> _WHAT YOU ARE ASKED TO DO_
Using the listing below, please print exactly the lines from the one with "You are a computer-use" through the one with "Click on the". Leave out every picture.

> _DATA_
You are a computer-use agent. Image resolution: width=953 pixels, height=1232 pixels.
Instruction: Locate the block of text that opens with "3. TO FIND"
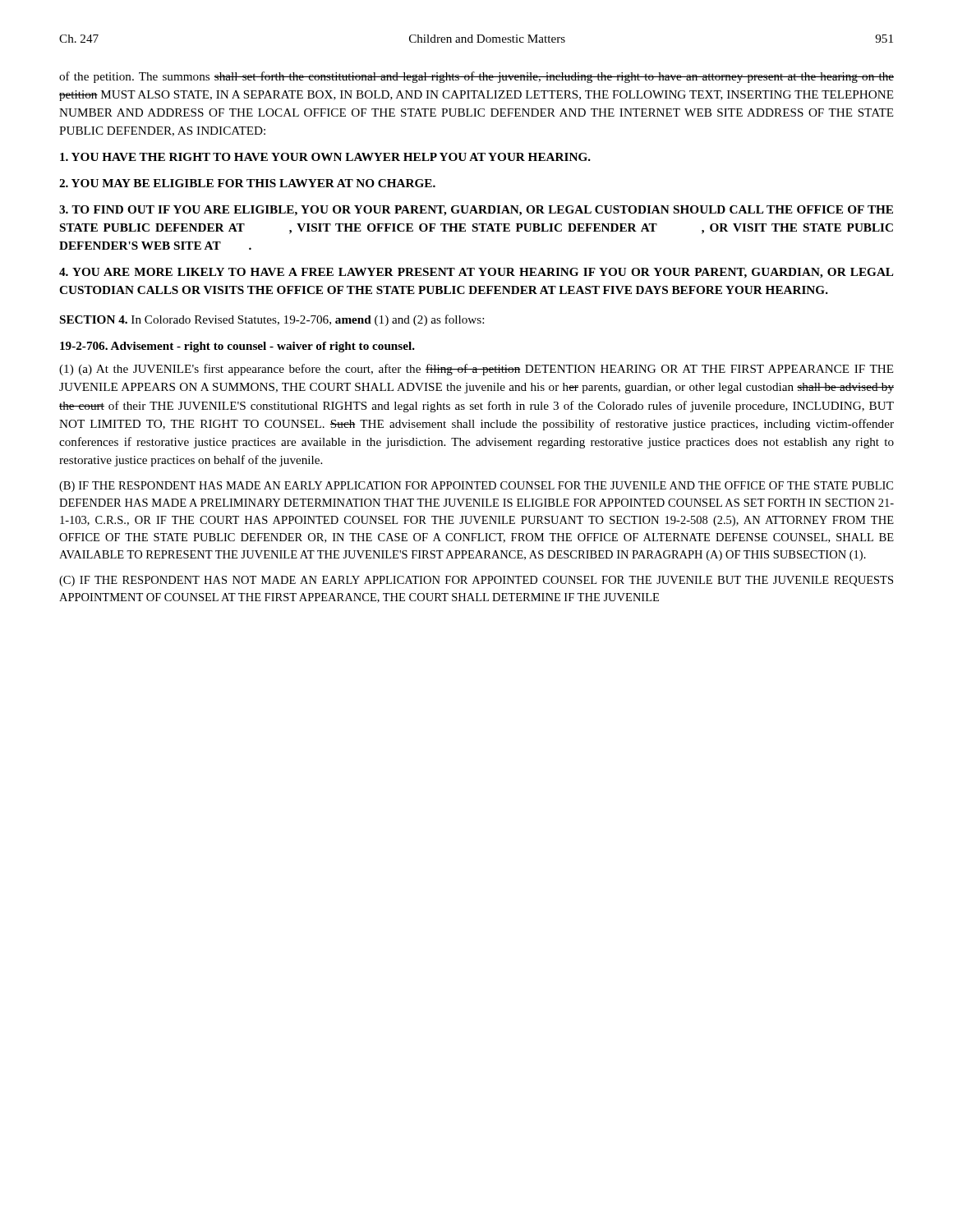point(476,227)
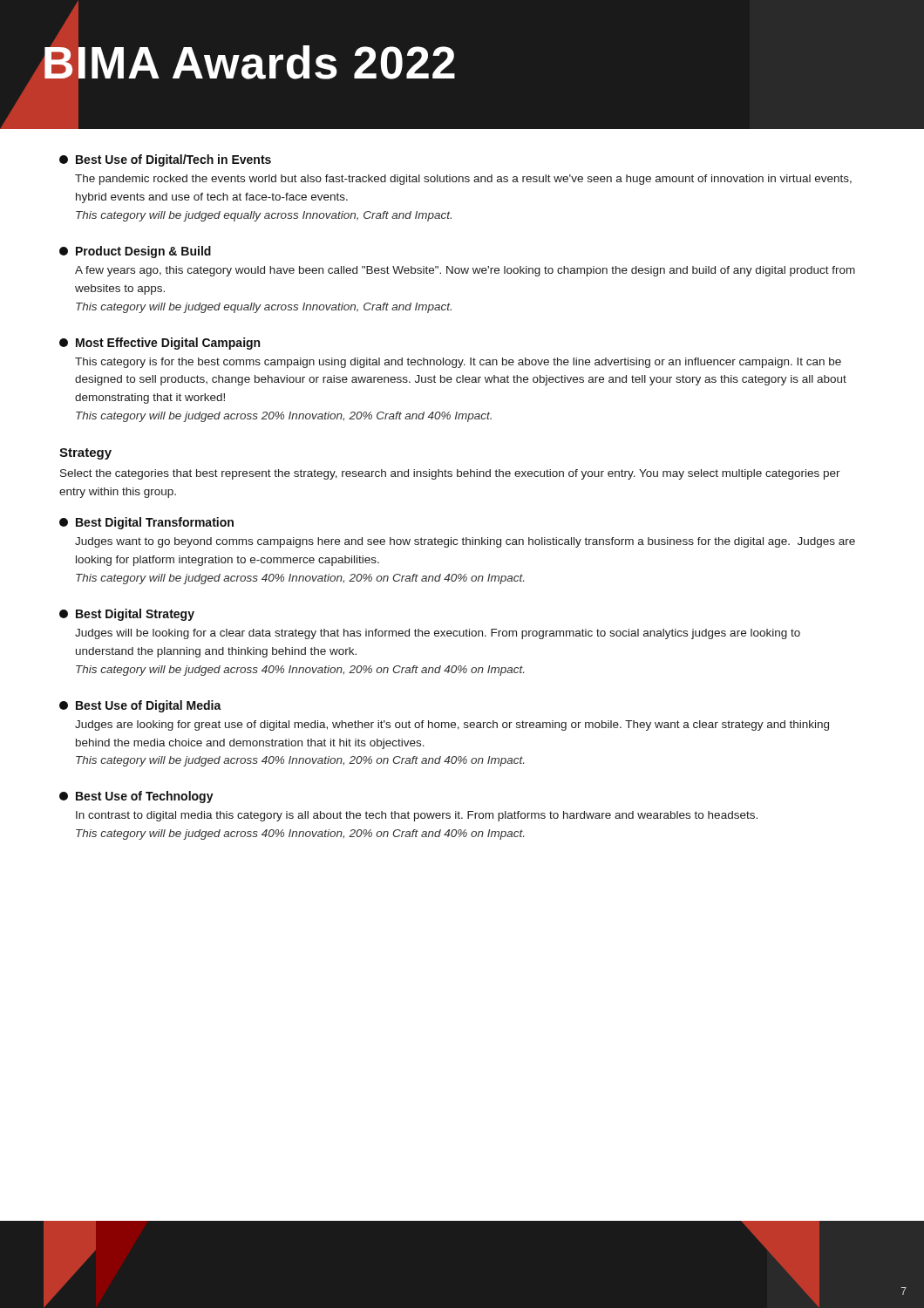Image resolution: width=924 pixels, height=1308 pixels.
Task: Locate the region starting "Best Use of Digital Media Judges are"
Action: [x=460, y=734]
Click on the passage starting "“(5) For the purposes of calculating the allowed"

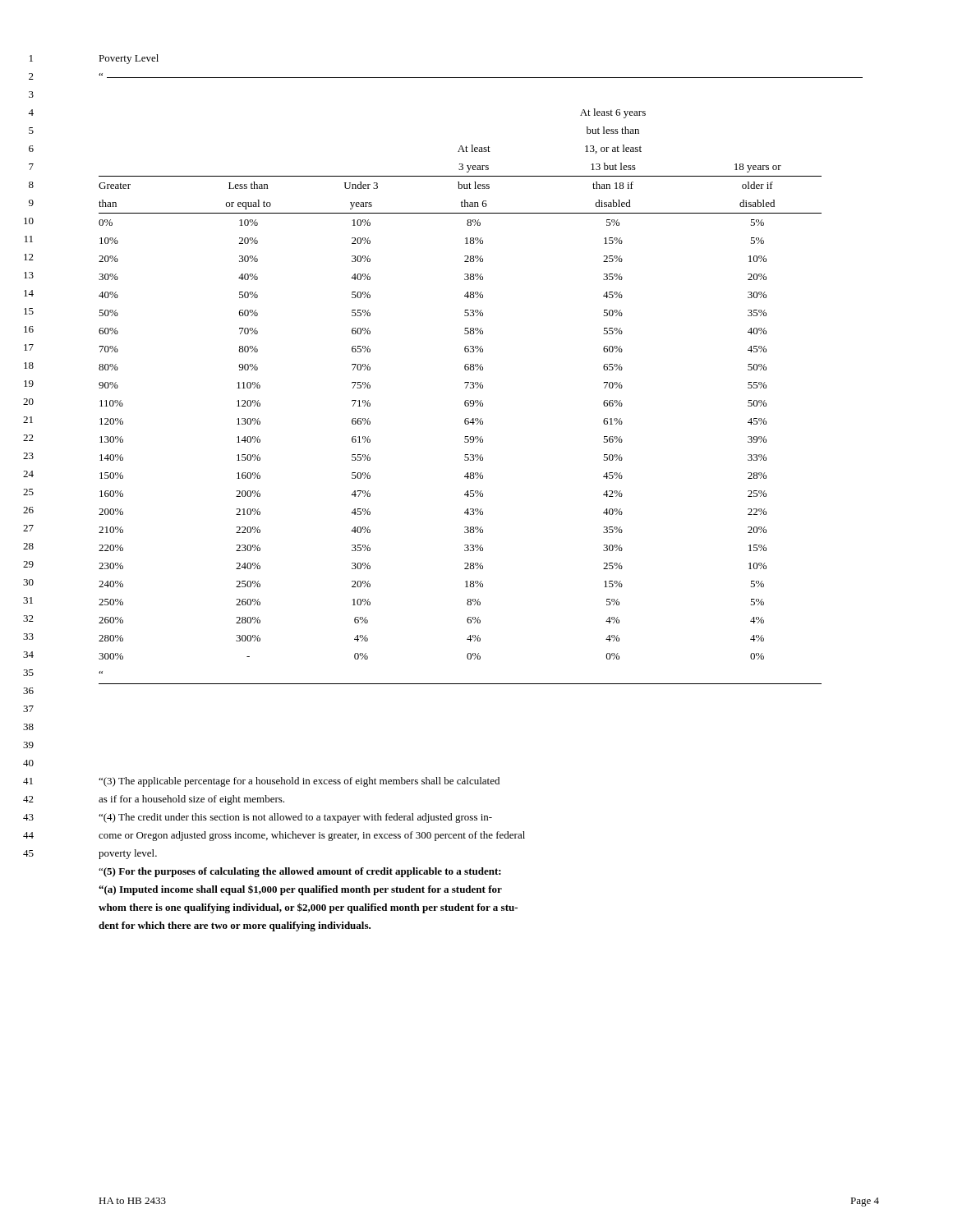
...
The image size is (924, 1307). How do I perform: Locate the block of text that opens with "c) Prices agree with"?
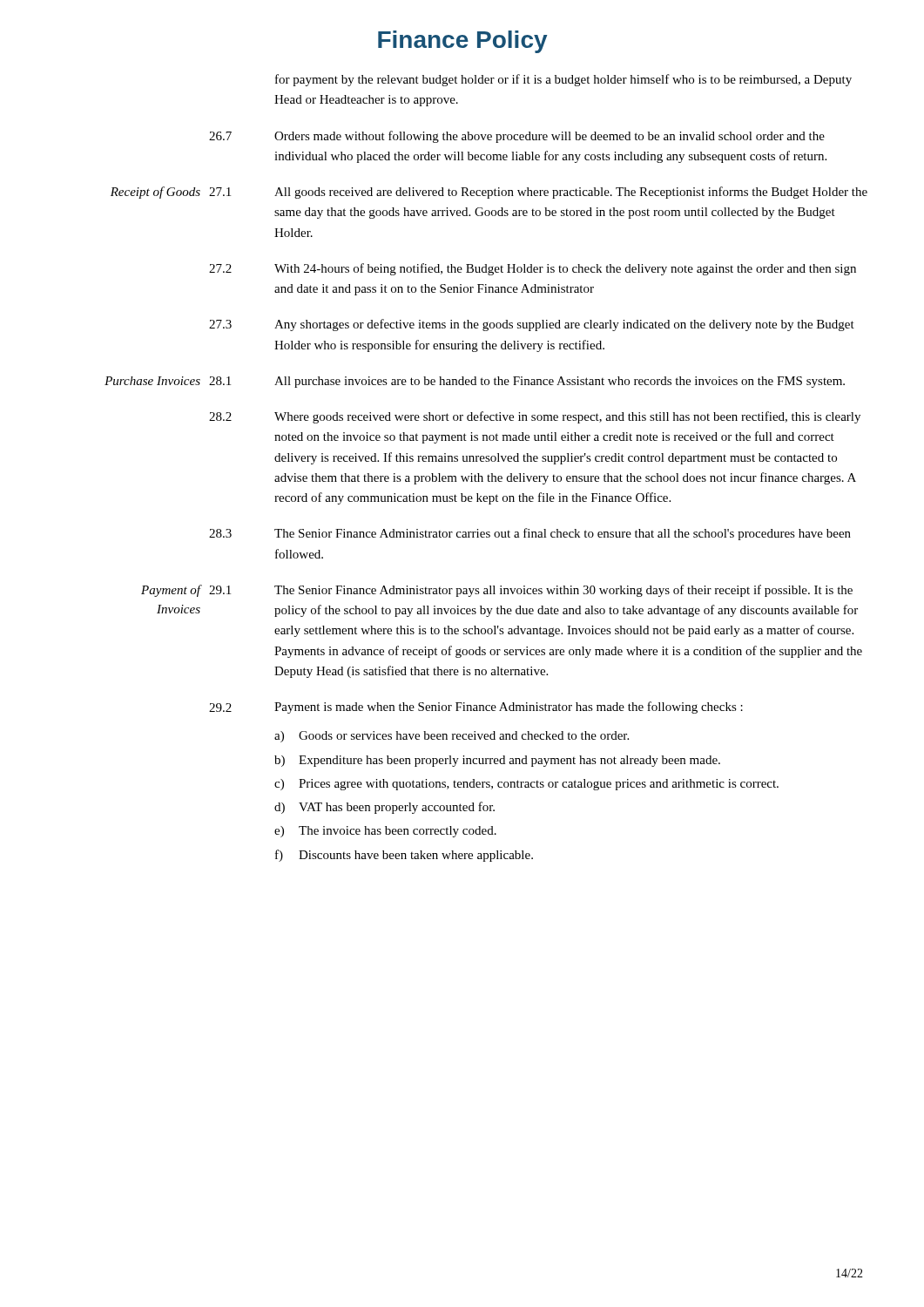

> _ANSWER AREA_
You are a computer-use agent. Image resolution: width=953 pixels, height=1232 pixels.
Instruction: Locate the block of text that opens with "3. TO FIND"
point(476,227)
Image resolution: width=924 pixels, height=1308 pixels.
Task: Locate the region starting "Best Use of Digital Media Judges are"
Action: [x=460, y=734]
Click on the passage starting "“(5) For the purposes of calculating the allowed"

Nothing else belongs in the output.